*What you need to do*. Return nothing except the lines from the one that contains "Horizontal field of view: 60.0 degrees." through the end of the material below, each exactly as given.

┌────────

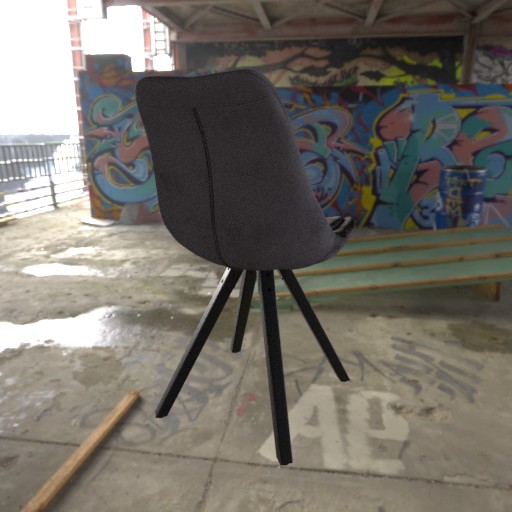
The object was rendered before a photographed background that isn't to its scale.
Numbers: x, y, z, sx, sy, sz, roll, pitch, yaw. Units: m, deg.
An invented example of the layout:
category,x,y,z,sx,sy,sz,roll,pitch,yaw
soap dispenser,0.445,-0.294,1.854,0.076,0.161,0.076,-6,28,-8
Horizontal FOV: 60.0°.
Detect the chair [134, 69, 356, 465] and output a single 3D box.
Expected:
category,x,y,z,sx,sy,sz,roll,pitch,yaw
chair,0.000,0.000,1.177,0.476,0.850,0.550,8,17,27
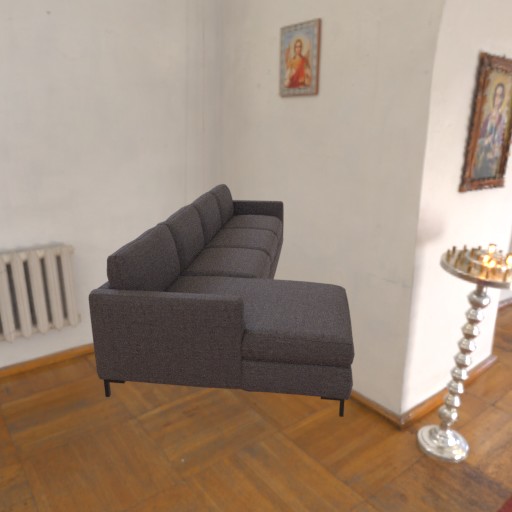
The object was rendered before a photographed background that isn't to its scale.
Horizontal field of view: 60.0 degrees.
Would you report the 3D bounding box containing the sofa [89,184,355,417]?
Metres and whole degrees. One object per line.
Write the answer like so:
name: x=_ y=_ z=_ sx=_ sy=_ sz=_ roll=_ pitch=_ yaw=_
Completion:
sofa: x=0.000 y=0.000 z=3.319 sx=1.258 sy=0.754 sz=2.731 roll=2 pitch=17 yaw=7

└────────

*Result of the task*.
Horizontal field of view: 60.0 degrees.
Would you report the 3D bounding box containing the sofa [89,184,355,417]?
Metres and whole degrees. One object per line.
Write the answer like so:
name: x=_ y=_ z=_ sx=_ sy=_ sz=_ roll=_ pitch=_ yaw=_
Completion:
sofa: x=0.000 y=0.000 z=3.319 sx=1.258 sy=0.754 sz=2.731 roll=2 pitch=17 yaw=7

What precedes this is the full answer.